Over the years as I have become sicker, less tolerant of chemicals and indoor enviroments and more allergic to foods,  Valentine’s Day has been celebrated less.  As I was thinking about today’s post I remembered a few Valentine’s Days that were anything but romantic.  I am including a few excerpts from my book.

2001

Valentine’s Day 2001 was anything but romantic. I had been on the IV for a few days and the antifungal drug and oral antibiotic for close to a week. I had gone to work as usual. Rick and I had made no definite plans on how we would spend the evening because I had been sos tired, and we were not sure if I would feel up to anything at the end of the day. Shortly around noon, my throat began to feel restricted. I tried to wait it out. Finally I phoned Dr. D. He suggested that I go to the emergency room. I drove myself to the hospital, which, I realize now, was probablly not the smartest thing to do…..I was released and went home around 2:00 a.m. on Thursday.

2003

Valentine’s Day  was very hard for me. I celebrated without my valentine.  I was in Dallas, and Rick was home in California.  I couldn’t even walk across the alley to the store and buy him a card.  I always bought special things for him, Sarah, and Laura.  I realized that they were just “things” but it was something I looked forward to doing.

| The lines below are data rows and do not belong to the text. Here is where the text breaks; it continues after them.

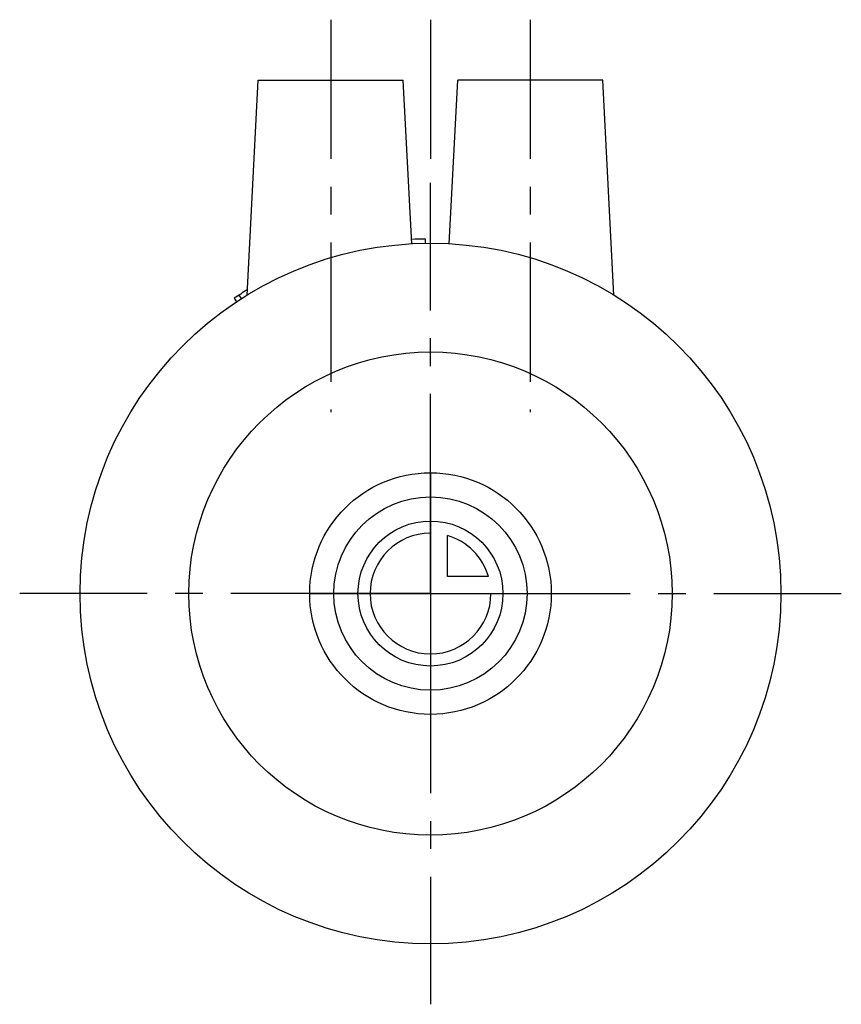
# Model space of a CAD drawing. Header units: millimetres. Extents: x 282.7 to 350.7, y 200.4 to 281.9.
import ezdxf

# ---------------------------------------------------------------- set-up
doc = ezdxf.new("R2010")
doc.units = ezdxf.units.MM
doc.header["$LTSCALE"] = 30.734
doc.linetypes.add('CENTER', pattern=[0.6, 0.375, -0.075, 0.075, -0.075])
doc.layers.get('0').update_dxf_attribs({"linetype": 'CONTINUOUS'})
doc.layers.add('DEFAULT_1', color=7, linetype='CENTER')
doc.layers.add('KONSTR_EL', color=7, linetype='CONTINUOUS')

msp = doc.modelspace()

# ---------------------------------------------------------------- linework, layer by layer
at = {"color": 7, "linetype": 'CONTINUOUS'}
for p, q in [((301.513, 259.143), (302.445, 276.935)), ((302.445, 276.935), (314.445, 276.935)), ((315.155, 263.394), (314.445, 276.935)), ((318.236, 263.394), (318.945, 276.935)), ((330.945, 276.935), (318.945, 276.935)), ((331.878, 259.143), (330.945, 276.935)), ((316.28, 263.432), (316.275, 263.782)), ((300.449, 258.878), (300.643, 258.587)), ((301.045, 258.85), (300.856, 259.144))]:
    msp.add_line(p, q, dxfattribs=at)
for radius in [29, 20]:
    msp.add_circle((316.695, 234.435), radius, dxfattribs=at)
for start, end in [(90.8212, 93.04382), (121.10859, 123.61064)]:
    msp.add_arc((316.695, 234.435), 29.35, start, end, dxfattribs=at)
at = {"layer": 'DEFAULT_1', "color": 2, "linetype": 'CENTER'}
for p, q in [((308.445, 281.935), (308.445, 249.435)), ((316.695, 281.935), (316.695, 268.435)), ((324.945, 281.935), (324.945, 249.435)), ((316.695, 259.435), (316.695, 268.435)), ((316.695, 239.435), (316.695, 259.435)), ((316.695, 234.435), (316.695, 239.435)), ((291.695, 234.435), (282.695, 234.435)), ((311.695, 234.435), (291.695, 234.435)), ((316.695, 234.435), (311.695, 234.435)), ((316.695, 234.435), (321.696, 234.435)), ((316.695, 234.435), (316.695, 229.435)), ((321.696, 234.435), (350.695, 234.435)), ((316.695, 229.435), (316.695, 200.435))]:
    msp.add_line(p, q, dxfattribs=at)
at = {"layer": 'KONSTR_EL', "color": 4, "linetype": 'CONTINUOUS'}
for p, q in [((316.695, 234.435), (316.695, 239.435)), ((318.095, 235.835), (318.095, 239.235)), ((321.495, 235.835), (318.095, 235.835)), ((316.695, 234.435), (321.695, 234.435))]:
    msp.add_line(p, q, dxfattribs=at)
for radius in [10, 8, 6]:
    msp.add_circle((316.695, 234.435), radius, dxfattribs=at)
for start, end in [(90, 360), (16.2602, 73.7398)]:
    msp.add_arc((316.695, 234.435), 5, start, end, dxfattribs=at)
for points, start_tangent, end_tangent in [([(316.695, 234.435, -10), (316.695, 234.921, -9.952), (316.695, 235.406, -9.905), (316.695, 235.892, -9.857), (316.695, 236.135, -9.833), (316.695, 236.256, -9.821), (316.695, 236.377, -9.81), (316.695, 236.494, -9.774), (316.695, 236.611, -9.739), (316.695, 236.845, -9.669), (316.695, 237.312, -9.528), (316.695, 237.779, -9.386), (316.695, 238.012, -9.316), (316.695, 238.129, -9.281), (316.695, 238.246, -9.245), (316.695, 238.353, -9.188), (316.695, 238.461, -9.131), (316.695, 238.677, -9.016), (316.695, 239.107, -8.787), (316.695, 239.538, -8.558), (316.695, 239.754, -8.444), (316.695, 239.861, -8.386), (316.695, 239.969, -8.329), (316.695, 240.065, -8.251), (316.695, 240.161, -8.172), (316.695, 240.353, -8.015), (316.695, 240.738, -7.7), (316.695, 241.122, -7.386), (316.695, 241.314, -7.228), (316.695, 241.41, -7.15), (316.695, 241.506, -7.071), (316.695, 241.584, -6.977), (316.695, 241.661, -6.883), (316.695, 241.816, -6.694), (316.695, 242.126, -6.317), (316.695, 242.435, -5.94), (316.695, 242.59, -5.751), (316.695, 242.667, -5.657), (316.695, 242.745, -5.563), (316.695, 242.803, -5.455), (316.695, 242.86, -5.348), (316.695, 242.975, -5.133), (316.695, 243.206, -4.703), (316.695, 243.437, -4.273), (316.695, 243.552, -4.058), (316.695, 243.61, -3.95), (316.695, 243.667, -3.843), (316.695, 243.703, -3.726), (316.695, 243.738, -3.61), (316.695, 243.81, -3.376), (316.695, 243.952, -2.91), (316.695, 244.095, -2.443), (316.695, 244.166, -2.21), (316.695, 244.202, -2.093), (316.695, 244.238, -1.977), (316.695, 244.25, -1.853), (316.695, 244.262, -1.73), (316.695, 244.287, -1.482), (316.695, 244.336, -0.988), (316.695, 244.386, -0.494), (316.695, 244.41, -0.247), (316.695, 244.423, -0.124), (316.695, 244.435), (316.695, 244.423, 0.121), (316.695, 244.411, 0.243), (316.695, 244.387, 0.486), (316.695, 244.34, 0.971), (316.695, 244.292, 1.457), (316.695, 244.268, 1.7), (316.695, 244.257, 1.821), (316.695, 244.245, 1.942), (316.695, 244.209, 2.059), (316.695, 244.174, 2.176), (316.695, 244.104, 2.409), (316.695, 243.963, 2.877), (316.695, 243.822, 3.344), (316.695, 243.751, 3.577), (316.695, 243.716, 3.694), (316.695, 243.681, 3.811), (316.695, 243.623, 3.918), (316.695, 243.566, 4.026), (316.695, 243.451, 4.242), (316.695, 243.222, 4.672), (316.695, 242.993, 5.103), (316.695, 242.879, 5.319), (316.695, 242.822, 5.426), (316.695, 242.764, 5.534), (316.695, 242.686, 5.63), (316.695, 242.607, 5.726), (316.695, 242.45, 5.918), (316.695, 242.135, 6.302), (316.695, 241.821, 6.687), (316.695, 241.663, 6.879), (316.695, 241.585, 6.975), (316.695, 241.506, 7.071), (316.695, 241.412, 7.148), (316.695, 241.318, 7.226), (316.695, 241.129, 7.381), (316.695, 240.752, 7.69), (316.695, 240.375, 8), (316.695, 240.187, 8.155), (316.695, 240.092, 8.232), (316.695, 239.998, 8.31), (316.695, 239.891, 8.367), (316.695, 239.783, 8.425), (316.695, 239.568, 8.54), (316.695, 239.138, 8.771), (316.695, 238.708, 9.002), (316.695, 238.493, 9.117), (316.695, 238.386, 9.174), (316.695, 238.278, 9.232), (316.695, 238.161, 9.268), (316.695, 238.045, 9.303), (316.695, 237.811, 9.375), (316.695, 237.345, 9.517), (316.695, 236.878, 9.66), (316.695, 236.645, 9.731), (316.695, 236.528, 9.767), (316.695, 236.412, 9.803), (316.695, 236.288, 9.815), (316.695, 236.165, 9.827), (316.695, 235.917, 9.852), (316.695, 235.423, 9.901), (316.695, 234.929, 9.951), (316.695, 234.435, 10)], (0, 31.077496, 3.047175), (0, -31.625188, 3.156612)), ([(316.695, 234.435, -8), (316.695, 234.824, -7.962), (316.695, 235.212, -7.924), (316.695, 235.6, -7.886), (316.695, 235.795, -7.867), (316.695, 235.892, -7.857), (316.695, 235.989, -7.848), (316.695, 236.082, -7.819), (316.695, 236.176, -7.791), (316.695, 236.363, -7.735), (316.695, 236.736, -7.622), (316.695, 237.11, -7.509), (316.695, 237.297, -7.453), (316.695, 237.39, -7.425), (316.695, 237.484, -7.396), (316.695, 237.57, -7.351), (316.695, 237.656, -7.305), (316.695, 237.828, -7.213), (316.695, 238.173, -7.03), (316.695, 238.518, -6.847), (316.695, 238.69, -6.755), (316.695, 238.776, -6.709), (316.695, 238.862, -6.663), (316.695, 238.939, -6.6), (316.695, 239.016, -6.538), (316.695, 239.17, -6.412), (316.695, 239.477, -6.16), (316.695, 239.784, -5.908), (316.695, 239.938, -5.783), (316.695, 240.015, -5.72), (316.695, 240.092, -5.657), (316.695, 240.154, -5.581), (316.695, 240.216, -5.506), (316.695, 240.34, -5.355), (316.695, 240.587, -5.054), (316.695, 240.835, -4.752), (316.695, 240.959, -4.601), (316.695, 241.021, -4.526), (316.695, 241.083, -4.45), (316.695, 241.129, -4.364), (316.695, 241.175, -4.278), (316.695, 241.267, -4.106), (316.695, 241.452, -3.762), (316.695, 241.636, -3.418), (316.695, 241.729, -3.246), (316.695, 241.775, -3.16), (316.695, 241.821, -3.074), (316.695, 241.849, -2.981), (316.695, 241.878, -2.888), (316.695, 241.935, -2.701), (316.695, 242.049, -2.328), (316.695, 242.163, -1.955), (316.695, 242.22, -1.768), (316.695, 242.249, -1.675), (316.695, 242.277, -1.581), (316.695, 242.287, -1.482), (316.695, 242.297, -1.384), (316.695, 242.317, -1.186), (316.695, 242.356, -0.791), (316.695, 242.396, -0.395), (316.695, 242.415, -0.198), (316.695, 242.425, -0.099), (316.695, 242.435), (316.695, 242.426, 0.097), (316.695, 242.416, 0.194), (316.695, 242.397, 0.388), (316.695, 242.359, 0.777), (316.695, 242.321, 1.165), (316.695, 242.302, 1.36), (316.695, 242.292, 1.457), (316.695, 242.283, 1.554), (316.695, 242.255, 1.647), (316.695, 242.226, 1.741), (316.695, 242.17, 1.928), (316.695, 242.057, 2.301), (316.695, 241.944, 2.675), (316.695, 241.888, 2.862), (316.695, 241.86, 2.955), (316.695, 241.831, 3.049), (316.695, 241.786, 3.135), (316.695, 241.74, 3.221), (316.695, 241.648, 3.393), (316.695, 241.465, 3.738), (316.695, 241.282, 4.082), (316.695, 241.19, 4.255), (316.695, 241.144, 4.341), (316.695, 241.098, 4.427), (316.695, 241.036, 4.504), (316.695, 240.973, 4.581), (316.695, 240.847, 4.735), (316.695, 240.595, 5.042), (316.695, 240.344, 5.349), (316.695, 240.218, 5.503), (316.695, 240.155, 5.58), (316.695, 240.092, 5.657), (316.695, 240.017, 5.719), (316.695, 239.941, 5.781), (316.695, 239.79, 5.905), (316.695, 239.489, 6.152), (316.695, 239.187, 6.4), (316.695, 239.036, 6.524), (316.695, 238.961, 6.586), (316.695, 238.885, 6.648), (316.695, 238.799, 6.694), (316.695, 238.713, 6.74), (316.695, 238.541, 6.832), (316.695, 238.197, 7.017), (316.695, 237.853, 7.201), (316.695, 237.681, 7.293), (316.695, 237.595, 7.34), (316.695, 237.509, 7.386), (316.695, 237.416, 7.414), (316.695, 237.323, 7.443), (316.695, 237.136, 7.5), (316.695, 236.763, 7.614), (316.695, 236.39, 7.728), (316.695, 236.203, 7.785), (316.695, 236.11, 7.814), (316.695, 236.016, 7.842), (316.695, 235.917, 7.852), (316.695, 235.819, 7.862), (316.695, 235.621, 7.882), (316.695, 235.226, 7.921), (316.695, 234.83, 7.961), (316.695, 234.435, 8)], (0, 24.861997, 2.43774), (0, -25.300151, 2.52529)), ([(306.695, 234.435), (306.743, 234.435, 0.486), (306.791, 234.435, 0.971), (306.838, 234.435, 1.457), (306.862, 234.435, 1.7), (306.874, 234.435, 1.821), (306.886, 234.435, 1.942), (306.921, 234.435, 2.059), (306.956, 234.435, 2.176), (307.027, 234.435, 2.409), (307.168, 234.435, 2.877), (307.309, 234.435, 3.344), (307.38, 234.435, 3.577), (307.415, 234.435, 3.694), (307.45, 234.435, 3.811), (307.507, 234.435, 3.918), (307.565, 234.435, 4.026), (307.679, 234.435, 4.242), (307.908, 234.435, 4.672), (308.137, 234.435, 5.103), (308.252, 234.435, 5.319), (308.309, 234.435, 5.426), (308.366, 234.435, 5.534), (308.445, 234.435, 5.63), (308.524, 234.435, 5.726), (308.681, 234.435, 5.918), (308.995, 234.435, 6.302), (309.31, 234.435, 6.687), (309.467, 234.435, 6.879), (309.546, 234.435, 6.975), (309.624, 234.435, 7.071), (309.719, 234.435, 7.148), (309.813, 234.435, 7.226), (310.001, 234.435, 7.381), (310.378, 234.435, 7.69), (310.755, 234.435, 8), (310.944, 234.435, 8.155), (311.038, 234.435, 8.232), (311.133, 234.435, 8.31), (311.24, 234.435, 8.367), (311.348, 234.435, 8.425), (311.563, 234.435, 8.54), (311.993, 234.435, 8.771), (312.423, 234.435, 9.002), (312.638, 234.435, 9.117), (312.745, 234.435, 9.174), (312.853, 234.435, 9.232), (312.969, 234.435, 9.268), (313.086, 234.435, 9.303), (313.319, 234.435, 9.375), (313.786, 234.435, 9.517), (314.252, 234.435, 9.66), (314.486, 234.435, 9.731), (314.602, 234.435, 9.767), (314.719, 234.435, 9.803), (314.842, 234.435, 9.815), (314.966, 234.435, 9.827), (315.213, 234.435, 9.852), (315.707, 234.435, 9.901), (316.201, 234.435, 9.951), (316.448, 234.435, 9.975), (316.572, 234.435, 9.988), (316.695, 234.435, 10), (316.817, 234.435, 9.988), (316.938, 234.435, 9.976), (317.181, 234.435, 9.952), (317.667, 234.435, 9.905), (318.152, 234.435, 9.857), (318.395, 234.435, 9.833), (318.516, 234.435, 9.821), (318.638, 234.435, 9.81), (318.755, 234.435, 9.774), (318.871, 234.435, 9.739), (319.105, 234.435, 9.669), (319.572, 234.435, 9.528), (320.039, 234.435, 9.386), (320.273, 234.435, 9.316), (320.389, 234.435, 9.281), (320.506, 234.435, 9.245), (320.614, 234.435, 9.188), (320.722, 234.435, 9.131), (320.937, 234.435, 9.016), (321.368, 234.435, 8.787), (321.799, 234.435, 8.558), (322.014, 234.435, 8.444), (322.122, 234.435, 8.386), (322.229, 234.435, 8.329), (322.325, 234.435, 8.251), (322.422, 234.435, 8.172), (322.614, 234.435, 8.015), (322.998, 234.435, 7.7), (323.382, 234.435, 7.386), (323.574, 234.435, 7.228), (323.67, 234.435, 7.15), (323.767, 234.435, 7.071), (323.844, 234.435, 6.977), (323.921, 234.435, 6.883), (324.076, 234.435, 6.694), (324.386, 234.435, 6.317), (324.696, 234.435, 5.94), (324.85, 234.435, 5.751), (324.928, 234.435, 5.657), (325.005, 234.435, 5.563), (325.063, 234.435, 5.455), (325.121, 234.435, 5.348), (325.236, 234.435, 5.133), (325.466, 234.435, 4.703), (325.697, 234.435, 4.273), (325.812, 234.435, 4.058), (325.87, 234.435, 3.95), (325.928, 234.435, 3.843), (325.963, 234.435, 3.726), (325.999, 234.435, 3.61), (326.07, 234.435, 3.376), (326.213, 234.435, 2.91), (326.356, 234.435, 2.443), (326.427, 234.435, 2.21), (326.463, 234.435, 2.093), (326.498, 234.435, 1.977), (326.511, 234.435, 1.853), (326.523, 234.435, 1.73), (326.548, 234.435, 1.482), (326.597, 234.435, 0.988), (326.646, 234.435, 0.494), (326.695, 234.435, 0)], (3.047175, 0, 31.077496), (3.156612, 0, -31.625188)), ([(308.695, 234.435), (308.734, 234.435, 0.388), (308.772, 234.435, 0.777), (308.81, 234.435, 1.165), (308.829, 234.435, 1.36), (308.838, 234.435, 1.457), (308.848, 234.435, 1.554), (308.876, 234.435, 1.647), (308.904, 234.435, 1.741), (308.961, 234.435, 1.928), (309.073, 234.435, 2.301), (309.186, 234.435, 2.675), (309.243, 234.435, 2.862), (309.271, 234.435, 2.955), (309.299, 234.435, 3.049), (309.345, 234.435, 3.135), (309.391, 234.435, 3.221), (309.482, 234.435, 3.393), (309.666, 234.435, 3.738), (309.849, 234.435, 4.082), (309.94, 234.435, 4.255), (309.986, 234.435, 4.341), (310.032, 234.435, 4.427), (310.095, 234.435, 4.504), (310.158, 234.435, 4.581), (310.284, 234.435, 4.735), (310.535, 234.435, 5.042), (310.787, 234.435, 5.349), (310.913, 234.435, 5.503), (310.976, 234.435, 5.58), (311.039, 234.435, 5.657), (311.114, 234.435, 5.719), (311.189, 234.435, 5.781), (311.34, 234.435, 5.905), (311.642, 234.435, 6.152), (311.943, 234.435, 6.4), (312.094, 234.435, 6.524), (312.17, 234.435, 6.586), (312.245, 234.435, 6.648), (312.331, 234.435, 6.694), (312.417, 234.435, 6.74), (312.589, 234.435, 6.832), (312.933, 234.435, 7.017), (313.277, 234.435, 7.201), (313.449, 234.435, 7.293), (313.535, 234.435, 7.34), (313.621, 234.435, 7.386), (313.714, 234.435, 7.414), (313.808, 234.435, 7.443), (313.994, 234.435, 7.5), (314.368, 234.435, 7.614), (314.741, 234.435, 7.728), (314.928, 234.435, 7.785), (315.021, 234.435, 7.814), (315.114, 234.435, 7.842), (315.213, 234.435, 7.852), (315.312, 234.435, 7.862), (315.51, 234.435, 7.882), (315.905, 234.435, 7.921), (316.3, 234.435, 7.961), (316.498, 234.435, 7.98), (316.597, 234.435, 7.99), (316.695, 234.435, 8), (316.793, 234.435, 7.99), (316.89, 234.435, 7.981), (317.084, 234.435, 7.962), (317.472, 234.435, 7.924), (317.861, 234.435, 7.886), (318.055, 234.435, 7.867), (318.152, 234.435, 7.857), (318.249, 234.435, 7.848), (318.343, 234.435, 7.819), (318.436, 234.435, 7.791), (318.623, 234.435, 7.735), (318.997, 234.435, 7.622), (319.37, 234.435, 7.509), (319.557, 234.435, 7.453), (319.651, 234.435, 7.425), (319.744, 234.435, 7.396), (319.83, 234.435, 7.351), (319.916, 234.435, 7.305), (320.089, 234.435, 7.213), (320.433, 234.435, 7.03), (320.778, 234.435, 6.847), (320.95, 234.435, 6.755), (321.036, 234.435, 6.709), (321.123, 234.435, 6.663), (321.199, 234.435, 6.6), (321.276, 234.435, 6.538), (321.43, 234.435, 6.412), (321.737, 234.435, 6.16), (322.045, 234.435, 5.908), (322.199, 234.435, 5.783), (322.275, 234.435, 5.72), (322.352, 234.435, 5.657), (322.414, 234.435, 5.581), (322.476, 234.435, 5.506), (322.6, 234.435, 5.355), (322.848, 234.435, 5.054), (323.096, 234.435, 4.752), (323.219, 234.435, 4.601), (323.281, 234.435, 4.526), (323.343, 234.435, 4.45), (323.389, 234.435, 4.364), (323.436, 234.435, 4.278), (323.528, 234.435, 4.106), (323.712, 234.435, 3.762), (323.897, 234.435, 3.418), (323.989, 234.435, 3.246), (324.035, 234.435, 3.16), (324.081, 234.435, 3.074), (324.11, 234.435, 2.981), (324.138, 234.435, 2.888), (324.195, 234.435, 2.701), (324.309, 234.435, 2.328), (324.424, 234.435, 1.955), (324.481, 234.435, 1.768), (324.509, 234.435, 1.675), (324.538, 234.435, 1.581), (324.548, 234.435, 1.482), (324.557, 234.435, 1.384), (324.577, 234.435, 1.186), (324.617, 234.435, 0.791), (324.656, 234.435, 0.395), (324.695, 234.435, 0)], (2.43774, 0, 24.861997), (2.52529, 0, -25.300151))]:
    msp.add_spline(points, degree=3, dxfattribs=dict(at, start_tangent=start_tangent, end_tangent=end_tangent))

doc.saveas('drawing.dxf')

The pain in my left eye and sinus area was becoming worse.  I was so hungry from fasting.  “Normal” people were going out to dinner to celebrate and eating fancy desserts and chocolates, and all I had was getting was a lousy glass of water…

2004

On February 11, 2004 (a few days before Valentine’s Day) I wrote in my journal, “I hat this aspect of my life.  It causes paranoia.  I am so afraid of reinfecting myself that I wonder:  even if the allergies get more manageable, will I be able to go out anyway…… and a few days after Valentines Day I was preparing for a much dreaded defense medical appointment

2006

I received notice late in December that my trial would begin soon.  The first session was scheduled for February 7, 2006 (exactly a week before Valentine’s Day).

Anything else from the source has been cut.